We now answer each question individually:

blind-reviewer-2

I was using a Python virtual environment because I wanted to isolate this test, however, the program does not run if you follow your steps in a virtual environment. Perhaps you should investigate why that is. Replicating code within Python virtual environments is a popular method.

We re-run the experiment using virtualenv and we were able to run it. The commands we used to run it are:

   > virtualenv -p python3 venv
   ...
   Installing setuptools, pip, wheel...done.
   > source venv/bin/activate
   (venv) > pip install -r requirements.txt
   ...
   Successfully installed Flask-1.1.1 Jinja2-2.11.1 MarkupSafe-1.1.1 Werkzeug-1.0.0 click-7.0 itsdangerous-1.1.0 mistune-0.8.4
   (venv) > export FLASK_APP=run.py
   (venv) > flask run
    * Serving Flask app "run.py"
    * Environment: production
      WARNING: This is a development server. Do not use it in a production deployment.
      Use a production WSGI server instead.
    * Debug mode: off
    * Running on http://127.0.0.1:5000/ (Press CTRL+C to quit)

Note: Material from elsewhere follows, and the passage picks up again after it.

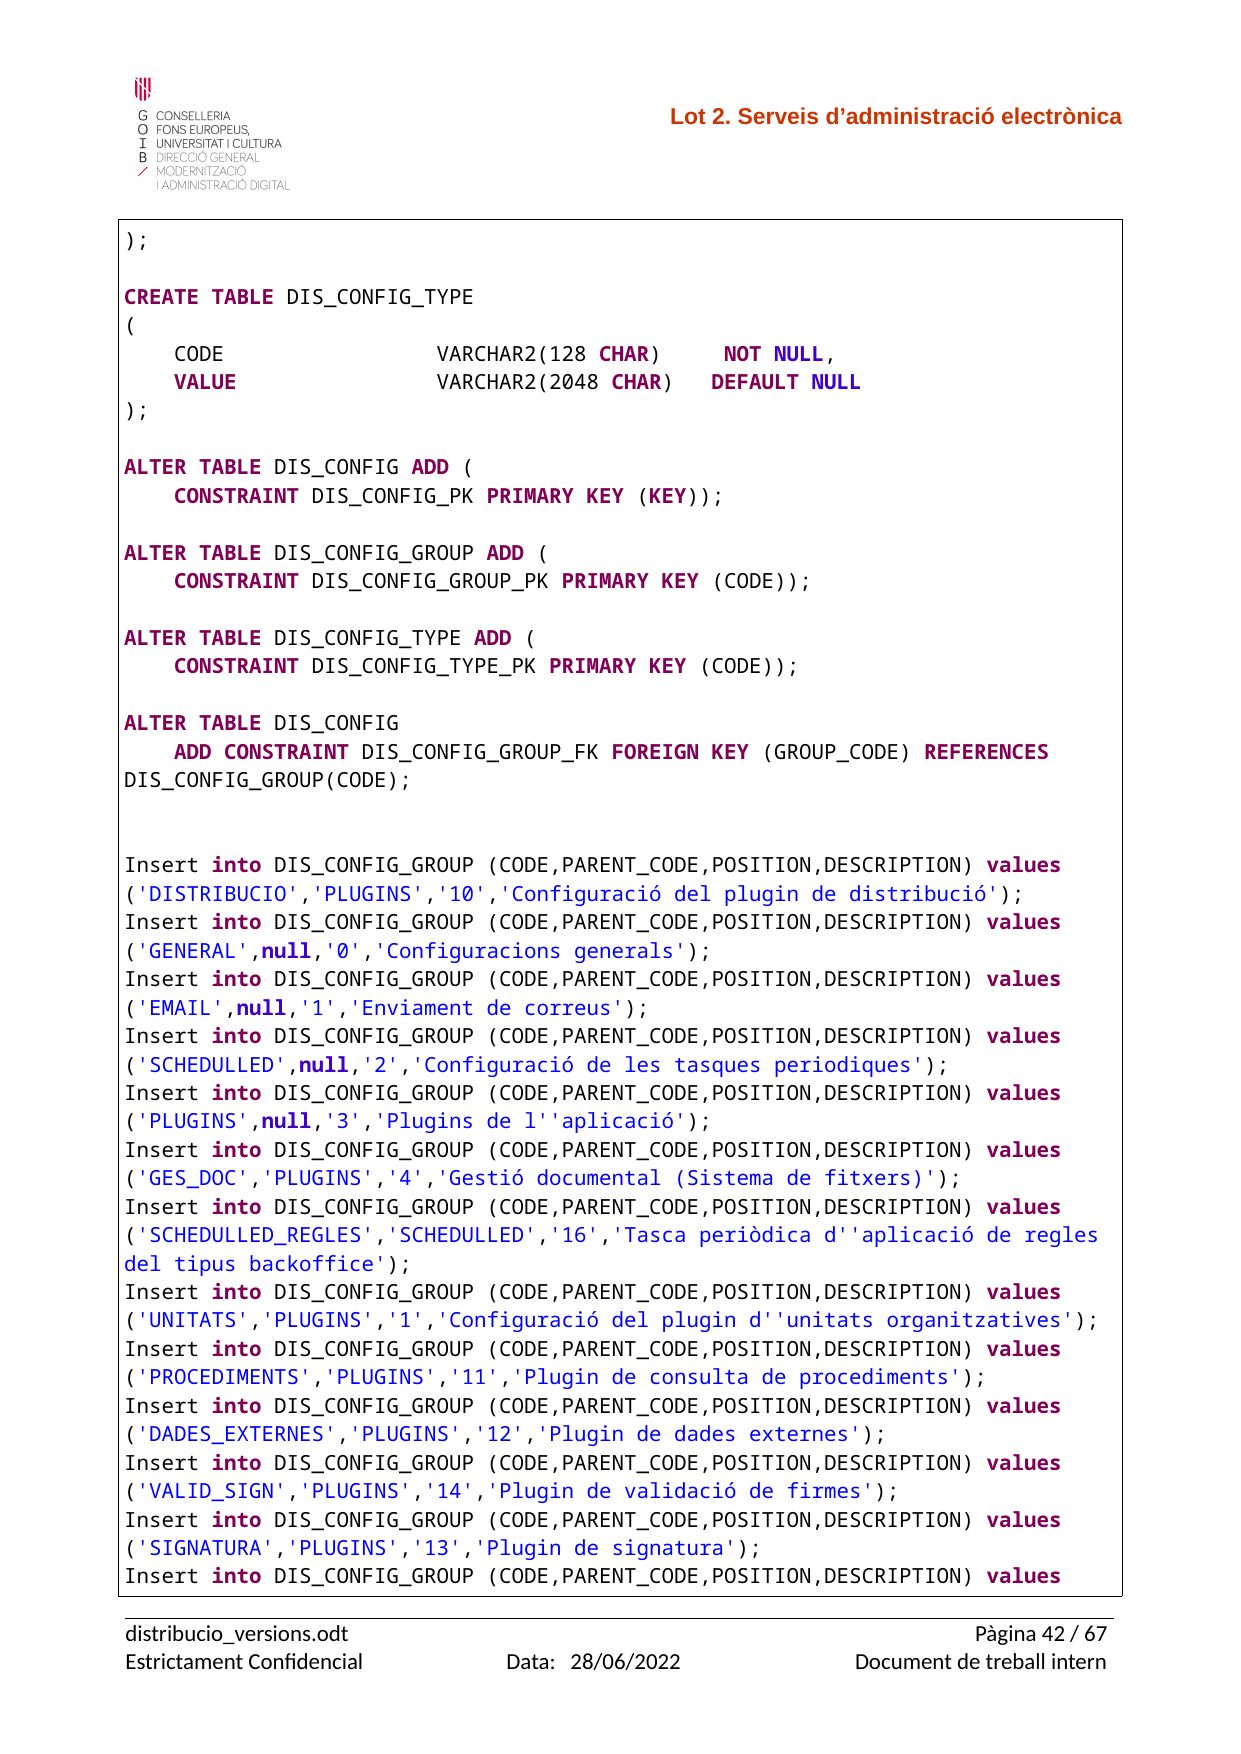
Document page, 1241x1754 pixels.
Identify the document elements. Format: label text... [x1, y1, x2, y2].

table_header ); CREATE TABLE DIS_CONFIG_TYPE ( CODE VARCHAR2(128 CHAR) NOT NULL, VALUE VARCHAR2(2048 CHAR) DEFAULT NULL ); ALTER TABLE DIS_CONFIG ADD ( CONSTRAINT DIS_CONFIG_PK PRIMARY KEY (KEY)); ALTER TABLE DIS_CONFIG_GROUP ADD ( CONSTRAINT DIS_CONFIG_GROUP_PK PRIMARY KEY (CODE)); ALTER TABLE DIS_CONFIG_TYPE ADD ( CONSTRAINT DIS_CONFIG_TYPE_PK PRIMARY KEY (CODE)); ALTER TABLE DIS_CONFIG ADD CONSTRAINT DIS_CONFIG_GROUP_FK FOREIGN KEY (GROUP_CODE) REFERENCES DIS_CONFIG_GROUP(CODE); Insert into DIS_CONFIG_GROUP (CODE,PARENT_CODE,POSITION,DESCRIPTION) values ('DISTRIBUCIO','PLUGINS','10','Configuració del plugin de distribució'); Insert into DIS_CONFIG_GROUP (CODE,PARENT_CODE,POSITION,DESCRIPTION) values ('GENERAL',null,'0','Configuracions generals'); Insert into DIS_CONFIG_GROUP (CODE,PARENT_CODE,POSITION,DESCRIPTION) values ('EMAIL',null,'1','Enviament de correus'); Insert into DIS_CONFIG_GROUP (CODE,PARENT_CODE,POSITION,DESCRIPTION) values ('SCHEDULLED',null,'2','Configuració de les tasques periodiques'); Insert into DIS_CONFIG_GROUP (CODE,PARENT_CODE,POSITION,DESCRIPTION) values ('PLUGINS',null,'3','Plugins de l''aplicació'); Insert into DIS_CONFIG_GROUP (CODE,PARENT_CODE,POSITION,DESCRIPTION) values ('GES_DOC','PLUGINS','4','Gestió documental (Sistema de fitxers)'); Insert into DIS_CONFIG_GROUP (CODE,PARENT_CODE,POSITION,DESCRIPTION) values ('SCHEDULLED_REGLES','SCHEDULLED','16','Tasca periòdica d''aplicació de regles del tipus backoffice'); Insert into DIS_CONFIG_GROUP (CODE,PARENT_CODE,POSITION,DESCRIPTION) values ('UNITATS','PLUGINS','1','Configuració del plugin d''unitats organitzatives'); Insert into DIS_CONFIG_GROUP (CODE,PARENT_CODE,POSITION,DESCRIPTION) values ('PROCEDIMENTS','PLUGINS','11','Plugin de consulta de procediments'); Insert into DIS_CONFIG_GROUP (CODE,PARENT_CODE,POSITION,DESCRIPTION) values ('DADES_EXTERNES','PLUGINS','12','Plugin de dades externes'); Insert into DIS_CONFIG_GROUP (CODE,PARENT_CODE,POSITION,DESCRIPTION) values ('VALID_SIGN','PLUGINS','14','Plugin de validació de firmes'); Insert into DIS_CONFIG_GROUP (CODE,PARENT_CODE,POSITION,DESCRIPTION) values ('SIGNATURA','PLUGINS','13','Plugin de signatura'); Insert into DIS_CONFIG_GROUP (CODE,PARENT_CODE,POSITION,DESCRIPTION) values [119, 220, 1122, 1596]
picture [126, 70, 299, 197]

It would be great if you could let us know whether it works for you. Thank you!

There is no explanation how to run the R script for people who have never used R before.

We modified the README.md file with the instructions on how to run the script from the terminal. We also recommend the reader to use RStudio to understand the analysis we did.

There is no requirements.R file, so the user has to manually install every dependency themselves. For R, this was particularly frustrating. Providing such a file would add a lot of value to this repository.

We modified the beginning of file regression.R so that it starts by checking the presence of the packages necessary to run our script. If they are not there, we automatically install all the missing packages.

gh-artifact-1763

The gist of the paper is participants and code review. However, the replication package did not give a table of participant characteristics i.e. to recreate Fig 2 in the paper, or to allow for replication by excluding certain characteristics like experience. Is there a reason this is omitted (or I missed it ..)?

We modified the file regression.R so that it outputs the plots of Figure 2 as well as saves them automatically in a 3-page pdf called distribution.pdf.

The second aspect is the code itself. I think it is available but buried in the tool's resources directory. To me these are a main replication artifact but currently they seem to be in undocumented text files, notwithstanding they are java code. Is it possible to somehow characterize these examples? I can see a big question being "how representative is the type of code you ask them to review". Currently that question is hard to answer.

In the replication package, we added a directory called code patches/, with inside the 2 Java files that were used in the experiment. For each file, we show the version without bugs as well as the version with the injected bugs and the reviewer's comment that is visible for the treatment groups.